Descobrindo

Descobrindo: Sábado

Descobrindo, aumentando as expectativas e, no final, odiando. Olha, fazia tempo que eu não ficava tão brava lendo um livro. Isso porque eu AMO o autor!!

Explico: vocês devem lembrar que escrevi um post sobre o livro “Reparação”, de Ian McEwan, que deu origem ao filme “Desejo e Reparação”, com a Keira Knightley e o James McAvoy (o jovem Charles Xavier dos filmes novos dos X-Men). Esse livro me deixou abestalhada e foi uma grande e ótima surpresa: começou lento e depois explodiu em algo maravilhoso e fantástico.
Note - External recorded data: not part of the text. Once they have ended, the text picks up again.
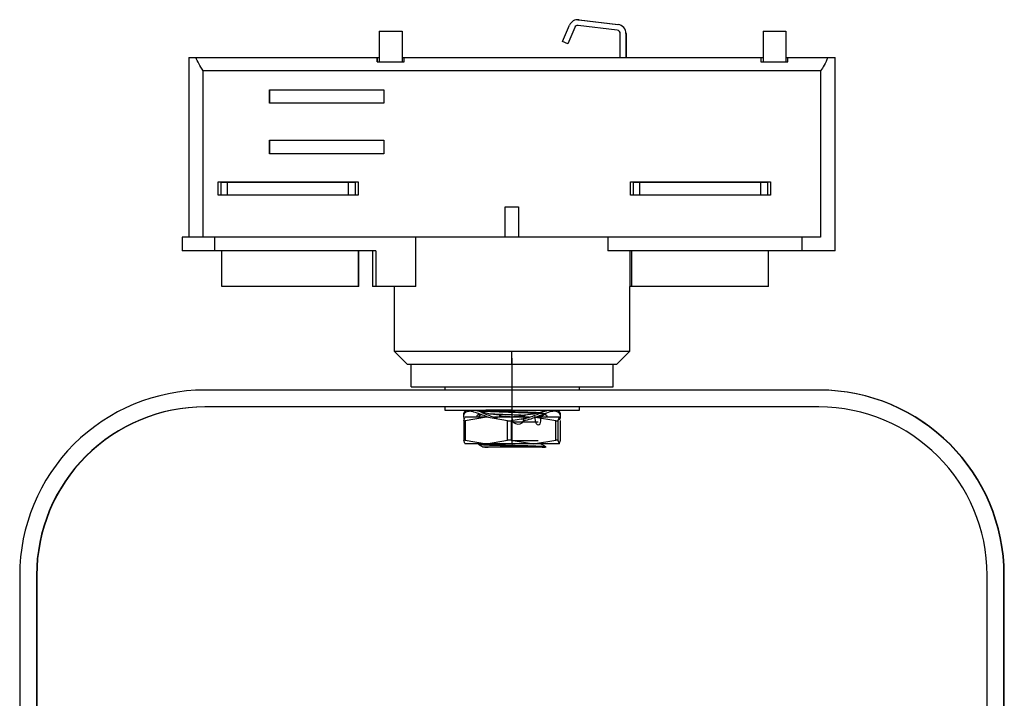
# Model space of a CAD drawing. Header units: millimetres. Extents: x -247 to 109, y -16 to 256.
# Tile 13 of 13: x -65 to 81, y 156 to 256. Entities that reach past the tile are written whole.
import ezdxf

# ---------------------------------------------------------------- set-up
doc = ezdxf.new("R2010")
doc.units = ezdxf.units.MM
doc.header["$PDSIZE"] = -1

msp = doc.modelspace()

# ---------------------------------------------------------------- linework, layer by layer
at = {"color": 7, "linetype": 'Continuous', "lineweight": 25}
for p, q in [((17.81, 256.43), (17.8, 256.43)), ((17.81, 256.43), (17.98, 256.42)), ((17.97, 256.42), (23.77, 255.7)), ((17.98, 256.42), (17.97, 256.42)), ((17.98, 256.42), (23.78, 255.7)), ((-11.69, 254.71), (-8.28, 254.71)), ((-11.69, 254.71), (-11.69, 250.16)), ((-8.29, 254.71), (-8.29, 250.16)), ((-8.28, 254.71), (-8.28, 250.16)), ((15.53, 253.19), (16.56, 255.61)), ((17.34, 255.27), (16.31, 252.85)), ((17.35, 255.27), (16.33, 252.85)), ((17.35, 255.27), (17.34, 255.27)), ((23.67, 254.86), (17.86, 255.57)), ((23.77, 255.7), (23.78, 255.7)), ((45.31, 254.71), (48.72, 254.71)), ((45.31, 254.71), (45.31, 250.16)), ((48.71, 254.71), (48.71, 250.16)), ((48.72, 254.71), (48.72, 250.16)), ((16.31, 252.85), (15.53, 253.19)), ((24.11, 250.81), (24.11, 254.36)), ((24.97, 254.36), (24.96, 254.36)), ((24.96, 254.36), (24.96, 250.81)), ((24.97, 254.36), (24.97, 250.81)), ((16.31, 252.85), (16.33, 252.85)), ((-39.97, 250.81), (-39.97, 224.11)), ((-39.97, 250.81), (-11.69, 250.81)), ((-11.99, 250.81), (-11.99, 250.16)), ((-11.99, 250.16), (-7.99, 250.16)), ((-11.98, 250.16), (-11.98, 250.81)), ((-8.28, 250.81), (45.31, 250.81)), ((-7.99, 250.16), (-7.99, 250.81)), ((45.01, 250.81), (45.01, 250.16)), ((45.01, 250.16), (49.01, 250.16)), ((45.02, 250.16), (45.02, 250.81)), ((48.72, 250.81), (56.03, 250.81)), ((49.01, 250.16), (49.01, 250.81)), ((56.03, 222.11), (56.03, 250.81)), ((53.87, 248.81), (-37.85, 248.81)), ((-37.85, 224.11), (-37.85, 248.81)), ((53.87, 248.81), (53.87, 224.11)), ((-27.99, 244.01), (-27.99, 246.01)), ((-27.99, 246.01), (-10.99, 246.01)), ((-27.95, 244.01), (-27.95, 246.01)), ((-10.99, 246.01), (-10.99, 244.01)), ((-10.99, 244.01), (-27.99, 244.01)), ((-27.99, 236.51), (-27.99, 238.51)), ((-27.99, 238.51), (-10.99, 238.51)), ((-27.95, 236.51), (-27.95, 238.51)), ((-10.99, 238.51), (-10.99, 236.51)), ((-10.99, 236.51), (-27.99, 236.51)), ((-35.64, 230.36), (-35.64, 232.36)), ((-35.64, 232.36), (-14.84, 232.36)), ((-35.6, 230.36), (-35.6, 232.36)), ((-35.22, 232.31), (-35.22, 230.41)), ((-35.22, 232.31), (-15.22, 232.31)), ((-34.24, 230.41), (-34.24, 232.31)), ((-16.24, 230.41), (-16.24, 232.31)), ((-15.22, 230.41), (-15.22, 232.31)), ((-14.84, 232.36), (-14.84, 230.36)), ((25.61, 230.36), (25.61, 232.36)), ((25.61, 232.36), (46.41, 232.36)), ((25.64, 230.36), (25.64, 232.36)), ((26.03, 232.31), (26.03, 230.41)), ((26.03, 232.31), (46.03, 232.31)), ((27.01, 230.41), (27.01, 232.31)), ((45.01, 230.41), (45.01, 232.31)), ((46.03, 230.41), (46.03, 232.31)), ((46.41, 232.36), (46.41, 230.36)), ((-14.84, 230.36), (-35.64, 230.36)), ((-35.22, 230.41), (-15.22, 230.41)), ((46.41, 230.36), (25.61, 230.36)), ((26.03, 230.41), (46.03, 230.41)), ((7.01, 224.11), (7.01, 228.61)), ((7.01, 228.61), (9.01, 228.61)), ((7.02, 224.11), (7.02, 228.61)), ((9.01, 228.61), (9.01, 224.11)), ((-40.94, 224.11), (-40.94, 222.11)), ((53.87, 224.11), (-40.94, 224.11)), ((-36.09, 222.11), (-36.09, 224.11)), ((-6.25, 216.81), (-6.25, 224.11)), ((22.26, 224.11), (22.26, 222.11)), ((51.12, 222.11), (51.12, 224.11)), ((-12.18, 222.11), (-40.94, 222.11)), ((-35.09, 216.81), (-35.09, 222.11)), ((-14.79, 216.81), (-14.79, 222.11)), ((-14.74, 216.81), (-14.74, 222.11)), ((-12.68, 222.11), (-12.68, 216.81)), ((-12.18, 222.11), (-12.18, 216.81)), ((56.03, 222.11), (22.26, 222.11)), ((25.53, 222.11), (25.53, 216.81)), ((25.81, 216.81), (25.81, 222.11)), ((46.11, 216.81), (46.11, 222.11)), ((46.15, 216.81), (46.15, 222.11)), ((-14.74, 216.81), (-35.09, 216.81)), ((-6.25, 216.81), (-12.68, 216.81)), ((-9.47, 216.81), (-9.47, 207.21)), ((25.53, 207.21), (25.53, 216.81)), ((46.15, 216.81), (25.53, 216.81)), ((-9.47, 207.21), (-7.47, 205.21)), ((-9.47, 207.21), (25.53, 207.21)), ((7.99, 205.21), (7.98, 207.21)), ((23.53, 205.21), (25.53, 207.21)), ((23.53, 205.21), (-7.47, 205.21)), ((-6.97, 201.91), (-6.97, 205.21)), ((23.03, 201.91), (23.03, 205.21)), ((-6.97, 201.91), (23.03, 201.91)), ((-1.97, 201.91), (-1.97, 201.41)), ((8, 201.91), (8, 201.41)), ((18.03, 201.41), (18.03, 201.91)), ((53.65, 201.41), (-37.6, 201.41)), ((53.6, 198.91), (-37.6, 198.91)), ((-1.97, 198.91), (-1.97, 198.41)), ((8, 198.91), (8, 198.41)), ((18.03, 198.41), (18.03, 198.91)), ((-1.97, 198.41), (18.03, 198.41)), ((3.03, 198.38), (3.03, 198.41)), ((3.08, 197.49), (3.03, 197.48)), ((3.03, 197.41), (3.03, 197.48)), ((12.14, 198.41), (12.33, 198.37)), ((12.64, 198.21), (12.37, 198.37)), ((12.98, 197.99), (13.03, 197.98)), ((0.85, 196.86), (1.02, 197.36)), ((0.85, 196.88), (0.85, 193.94)), ((4.53, 197.41), (1.03, 197.41)), ((4.23, 197.41), (1.07, 196.86)), ((1.07, 196.86), (1.07, 193.95)), ((7.38, 196.86), (4.23, 197.41)), ((10.59, 197.41), (5.43, 197.41)), ((7.38, 193.95), (7.38, 196.86)), ((10.56, 197.3), (7.88, 196.86)), ((7.88, 196.86), (7.88, 193.95)), ((14.56, 196.86), (11.5, 197.36)), ((15.03, 197.41), (11.53, 197.41)), ((14.56, 193.95), (14.56, 196.86)), ((15.02, 197.41), (14.83, 196.86)), ((14.83, 196.86), (14.83, 193.95)), ((15.14, 197.06), (15.02, 197.41)), ((15.21, 193.94), (15.21, 196.88)), ((15.21, 193.95), (15.21, 196.86)), ((1.02, 193.46), (0.85, 193.95)), ((15.03, 193.41), (1.03, 193.41)), ((1.07, 193.95), (4.23, 193.41)), ((4.23, 193.41), (7.38, 193.95)), ((7.88, 193.95), (11.22, 193.41)), ((11.22, 193.41), (14.56, 193.95)), ((14.83, 193.95), (15.02, 193.41)), ((15.02, 193.41), (15.21, 193.95)), ((13.03, 192.9), (13.03, 192.98)), ((13.03, 192.91), (13.03, 192.98)), ((-65.1, 173.91), (-65.1, 84.91)), ((-62.6, 173.91), (-62.6, 84.91)), ((-62.55, 173.91), (-62.6, 173.91)), ((-62.55, 173.91), (-62.55, 93.41)), ((78.6, 84.91), (78.6, 173.91)), ((81.1, 84.91), (81.1, 173.91)), ((81.15, 173.91), (81.1, 173.91)), ((81.15, 84.91), (81.15, 173.91))]:
    msp.add_line(p, q, dxfattribs=at)
at = {"color": 7, "linetype": 'Continuous'}
for p, q in [((8.03, 198.41), (8.03, 206.14)), ((8.03, 196.71), (8.03, 204.44)), ((8.03, 201.41), (4.16, 201.41)), ((8.03, 193.91), (8.03, 201.64)), ((8.03, 193.41), (8.03, 201.14)), ((8.03, 193.41), (8.03, 201.14)), ((8.03, 198.41), (4.16, 198.41)), ((8.03, 196.71), (11.9, 196.71)), ((8.03, 193.41), (4.16, 193.41)), ((8.03, 193.41), (4.58, 193.41)), ((8.03, 193.91), (11.9, 193.91))]:
    msp.add_line(p, q, dxfattribs=at)
at = {"color": 7, "linetype": 'Continuous', "lineweight": 25}
for centre, radius, start, end in [((17.8, 255.08), 1.35, 83, 156.9691), ((17.8, 255.08), 0.5, 83, 156.9691), ((17.81, 255.08), 0.5, 90, 156.9691), ((23.61, 254.36), 0.5, 359.9999, 82.9999), ((23.61, 254.36), 1.35, 359.9999, 82.9999), ((23.62, 254.36), 1.35, 359.9999, 82.9999), ((-37.6, 173.91), 27.5, 90.0001, 180.0001), ((53.6, 173.91), 27.5, 359.9999, 89.9999), ((53.65, 173.91), 27.5, 359.9999, 89.9999), ((-37.6, 173.91), 25, 90.0001, 180.0001), ((-37.55, 173.91), 25, 90.0001, 180.0001), ((53.6, 173.91), 25, 359.9999, 89.9999)]:
    msp.add_arc(centre, radius, start, end, dxfattribs=at)
for points, knots in [([(-37.85, 248.81), (-38.07, 249.17), (-38.48, 249.82), (-38.79, 250.5), (-38.92, 250.81)], [0, 0, 0, 0, 0.554965, 1, 1, 1, 1]), ([(54.95, 250.81), (54.77, 250.42), (54.46, 249.74), (54.05, 249.09), (53.87, 248.81)], [0, 0, 0, 0, 0.565117, 1, 1, 1, 1]), ([(1.27, 198.41), (1.15, 198.33), (0.89, 198.16), (0.77, 197.85), (0.81, 197.69), (0.81, 197.69)], [0, 0, 0, 0, 0.428202, 0.990126, 1, 1, 1, 1]), ([(4.53, 197.37), (3.94, 197.59), (2.96, 197.98), (1.92, 198.3), (1.25, 198.23), (0.88, 197.89), (0.75, 197.45), (0.87, 197.18), (0.92, 197.07)], [0, 0, 0, 0, 0.234128, 0.392187, 0.546932, 0.707435, 0.873754, 1, 1, 1, 1]), ([(0.81, 197.68), (0.81, 197.64), (0.81, 197.57), (0.81, 197.49), (0.81, 197.45)], [0, 0, 0, 0, 0.50001, 1, 1, 1, 1]), ([(5.85, 197.23), (5.66, 197.28), (4.55, 197.58), (3.49, 198.14), (2.82, 198.32), (2.76, 198.33)], [0, 0, 0, 0, 0.159257, 0.926397, 1, 1, 1, 1]), ([(6.15, 197.71), (5.56, 197.75), (4.41, 197.85), (3.31, 198.21), (2.77, 198.39)], [0, 0, 0, 0, 0.511486, 1, 1, 1, 1]), ([(3.41, 197.79), (3.32, 197.78), (3.06, 197.78), (2.83, 197.63), (2.8, 197.49), (2.78, 197.42)], [0, 0, 0, 0, 0.212382, 0.610518, 1, 1, 1, 1]), ([(2.81, 197.63), (2.82, 197.58), (2.83, 197.49), (2.97, 197.44), (3.03, 197.41)], [0, 0, 0, 0, 0.5450266, 1, 1, 1, 1]), ([(3.03, 198.38), (3.1, 198.36), (3.25, 198.32), (4.4, 198.26), (6.05, 198.2), (8.03, 198.13), (9.94, 198.07), (11.24, 198.03), (11.63, 198), (11.66, 198)], [0, 0, 0, 0, 0.163972, 0.327945, 0.491917, 0.65589, 0.819862, 0.983834, 1, 1, 1, 1]), ([(3.49, 197.76), (3.45, 197.73), (3.3, 197.64), (3.14, 197.55), (3.03, 197.49)], [0, 0, 0, 0, 0.291428, 1, 1, 1, 1]), ([(3.03, 197.48), (3.05, 197.46), (3.09, 197.44), (3.54, 197.41), (3.61, 197.41)], [0, 0, 0, 0, 0.83643, 1, 1, 1, 1]), ([(3.61, 198.41), (3.87, 198.39), (4.46, 198.35), (6.06, 198.29), (8.02, 198.23), (9.96, 198.17), (11.46, 198.12), (11.98, 198.08), (12.16, 198.07)], [0, 0, 0, 0, 0.149982, 0.336424, 0.522866, 0.709307, 0.895749, 1, 1, 1, 1]), ([(4.53, 197.91), (4.82, 197.89), (5.42, 197.86), (6.66, 197.81), (8, 197.76), (9.19, 197.72), (9.82, 197.69), (10.05, 197.68)], [0, 0, 0, 0, 0.213669, 0.434779, 0.65319, 0.871488, 1, 1, 1, 1]), ([(8.01, 197.41), (7.67, 197.42), (7.02, 197.44), (6.42, 197.56), (6.14, 197.61)], [0, 0, 0, 0, 0.529277, 1, 1, 1, 1]), ([(7.98, 197.61), (7.99, 197.22), (8.03, 196.33), (9.77, 196.26), (9.83, 197.15), (9.86, 197.54)], [0, 0, 0, 0, 0.305483, 0.694576, 1, 1, 1, 1]), ([(9.88, 197.61), (9.61, 197.56), (9.01, 197.44), (8.36, 197.42), (8.01, 197.41)], [0, 0, 0, 0, 0.465293, 1, 1, 1, 1]), ([(13.27, 198.33), (13.21, 198.32), (12.53, 198.14), (11.24, 197.49), (9.88, 197.13), (9.44, 197.02)], [0, 0, 0, 0, 0.0594878, 0.6972858, 1, 1, 1, 1]), ([(15.11, 196.97), (15.17, 197.12), (15.3, 197.41), (15.17, 197.88), (14.79, 198.24), (14.12, 198.3), (12.86, 197.93), (11.38, 197.24), (10.08, 196.9), (9.72, 196.8)], [0, 0, 0, 0, 0.128928, 0.260464, 0.387402, 0.509785, 0.63479, 0.896383, 1, 1, 1, 1]), ([(13.25, 198.38), (12.72, 198.21), (11.62, 197.85), (10.47, 197.75), (9.87, 197.7)], [0, 0, 0, 0, 0.486488, 1, 1, 1, 1]), ([(11.36, 197.47), (11.42, 197.07), (11.56, 196.17), (12.34, 196.23), (12.33, 196.98), (12.33, 197.37)], [0, 0, 0, 0, 0.283917, 0.636801, 1, 1, 1, 1]), ([(11.87, 197.99), (12.16, 197.97), (12.87, 197.94), (12.97, 197.9), (13.03, 197.88)], [0, 0, 0, 0, 0.414073, 1, 1, 1, 1]), ([(12.03, 197.57), (12.07, 197.56), (12.33, 197.54), (12.44, 197.52), (12.35, 197.5), (12.33, 197.5)], [0, 0, 0, 0, 0.12613, 0.830943, 1, 1, 1, 1]), ([(12.37, 197.5), (12.48, 197.56), (12.63, 197.65), (12.79, 197.74), (12.84, 197.77)], [0, 0, 0, 0, 0.689138, 1, 1, 1, 1]), ([(13.28, 197.41), (13.26, 197.48), (13.22, 197.62), (12.99, 197.78), (12.72, 197.78), (12.62, 197.79)], [0, 0, 0, 0, 0.383532, 0.773688, 1, 1, 1, 1]), ([(13.02, 197.41), (13.09, 197.43), (13.21, 197.48), (13.22, 197.56), (13.23, 197.59)], [0, 0, 0, 0, 0.537584, 1, 1, 1, 1]), ([(15.24, 197.68), (15.24, 197.69), (15.29, 197.85), (15.16, 198.16), (14.89, 198.33), (14.78, 198.41)], [0, 0, 0, 0, 0.022855, 0.577412, 1, 1, 1, 1]), ([(15.25, 197.43), (15.25, 197.47), (15.25, 197.55), (15.25, 197.63), (15.25, 197.67)], [0, 0, 0, 0, 0.500007, 1, 1, 1, 1]), ([(0.85, 196.86), (0.85, 196.85), (0.85, 196.83), (0.9, 196.82), (0.97, 196.83), (1.04, 196.85), (1.07, 196.86)], [0, 0, 0, 0, 0.251973, 0.499297, 0.748759, 1, 1, 1, 1]), ([(7.38, 196.86), (7.41, 196.85), (7.49, 196.83), (7.62, 196.82), (7.76, 196.83), (7.84, 196.85), (7.88, 196.86)], [0, 0, 0, 0, 0.251973, 0.499297, 0.748759, 1, 1, 1, 1]), ([(14.56, 196.86), (14.59, 196.85), (14.67, 196.83), (14.75, 196.82), (14.81, 196.83), (14.82, 196.85), (14.83, 196.86)], [0, 0, 0, 0, 0.251973, 0.499297, 0.748759, 1, 1, 1, 1]), ([(1.07, 193.95), (1.04, 193.96), (0.97, 193.98), (0.9, 193.99), (0.85, 193.98), (0.85, 193.96), (0.85, 193.95)], [0, 0, 0, 0, 0.251973, 0.499297, 0.748759, 1, 1, 1, 1]), ([(3.03, 193.37), (3.14, 193.31), (3.36, 193.19), (3.58, 193.06), (3.69, 193)], [0, 0, 0, 0, 0.500043, 1, 1, 1, 1]), ([(3.08, 193.37), (3.14, 193.36), (3.27, 193.32), (4.27, 193.26), (5.77, 193.21), (7.6, 193.14), (9.49, 193.09), (11.16, 193.03), (12.46, 192.97), (12.79, 192.93), (12.96, 192.91)], [0, 0, 0, 0, 0.107721, 0.235468, 0.362271, 0.490394, 0.616839, 0.745234, 0.871435, 1, 1, 1, 1]), ([(3.61, 193.41), (3.87, 193.39), (4.46, 193.35), (6.07, 193.29), (8.01, 193.23), (9.98, 193.17), (11.64, 193.11), (12.8, 193.04), (12.95, 193), (13.03, 192.98)], [0, 0, 0, 0, 0.1182232, 0.265186, 0.4121488, 0.5591116, 0.7060744, 0.8530372, 1, 1, 1, 1]), ([(7.88, 193.95), (7.84, 193.96), (7.76, 193.98), (7.62, 193.99), (7.49, 193.98), (7.41, 193.96), (7.38, 193.95)], [0, 0, 0, 0, 0.251973, 0.499297, 0.748759, 1, 1, 1, 1]), ([(13.02, 192.99), (12.91, 193.05), (12.69, 193.18), (12.48, 193.3), (12.37, 193.37)], [0, 0, 0, 0, 0.500043, 1, 1, 1, 1]), ([(14.83, 193.95), (14.82, 193.96), (14.81, 193.98), (14.75, 193.99), (14.67, 193.98), (14.59, 193.96), (14.56, 193.95)], [0, 0, 0, 0, 0.251973, 0.499297, 0.748759, 1, 1, 1, 1]), ([(4.49, 192.91), (4.31, 192.91), (3.96, 192.91), (3.71, 192.91), (3.71, 192.91), (3.71, 192.91)], [0, 0, 0, 0, 0.403513, 0.807582, 1, 1, 1, 1]), ([(3.72, 193), (3.75, 192.98), (3.82, 192.96), (4.25, 192.92), (4.49, 192.91)], [0, 0, 0, 0, 0.440312, 1, 1, 1, 1]), ([(12.96, 192.91), (12.83, 192.91), (12.56, 192.91), (11.71, 192.91), (10.6, 192.91), (9.3, 192.91), (7.9, 192.91), (6.55, 192.91), (5.33, 192.91), (4.77, 192.91), (4.49, 192.91)], [0, 0, 0, 0, 0.124944, 0.250014, 0.375043, 0.500086, 0.625128, 0.750005, 0.874915, 1, 1, 1, 1])]:
    msp.add_open_spline(points, degree=3, knots=knots, dxfattribs=at)
at = {"color": 7, "linetype": 'Continuous'}
for p in [(8.03, 201.41), (8.03, 198.41), (8.03, 196.71), (8.03, 193.91), (8.03, 193.41), (8.03, 193.41)]:
    msp.add_point(p, dxfattribs=at)

doc.saveas('drawing.dxf')

Na época em que comprei o livro, tinha levado outro, do mesmo autor: “Sábado”. Se “Reparação” foi tão sensacional, imagine este, né? Expectativas lá em cima, chegando em Plutão.

Sábado

[Imagem: @1paulafranco]

Eis que comecei a ler o dito cujo. Resumindo: tudo acontece em um único dia, sábado, na vida do neurocirurgião Henry Perowne. Ele tem uma mulher que é advogada, um filho mais novo músico de blues, uma filha mais velha que se tornou uma poetisa de destaque e um sogro recluso que também é um poeta consagrado. Porém, o cotidiano de Perowne é tão metódico que não há espaço para algo que fuja da rotina “casa-hospital-pacientes-cirurgias de sucesso-partidinha de squash com o amigo anestesista-casa”. E é aí que o tal sábado fica caótico.

Na madruga, boladão, Perowne desiste de enfrentar a insônia e vai dar uma olhada no movimento das ruas de Londres da sua janela. É fevereiro de 2003, quase dois anos pós-atentados terroristas ao World Trade Center e pré-Guerra no Afeganistão e Iraque. O Reino Unido está prestes a decidir se enviará tropas ao Oriente para lutarem contra o terror, enquanto uma grande manifestação acontecerá na manhã deste sábado pedindo paz e não à guerra. E é aí que, do nada, o neurocirurgião vê um avião em chamas e caindo no sentido do aeroporto de Heathrow. “Ai, car***o!! Que por*a é essa???”, ele se pergunta – ou teria se perguntado se eu fosse a autora, rsrsrs!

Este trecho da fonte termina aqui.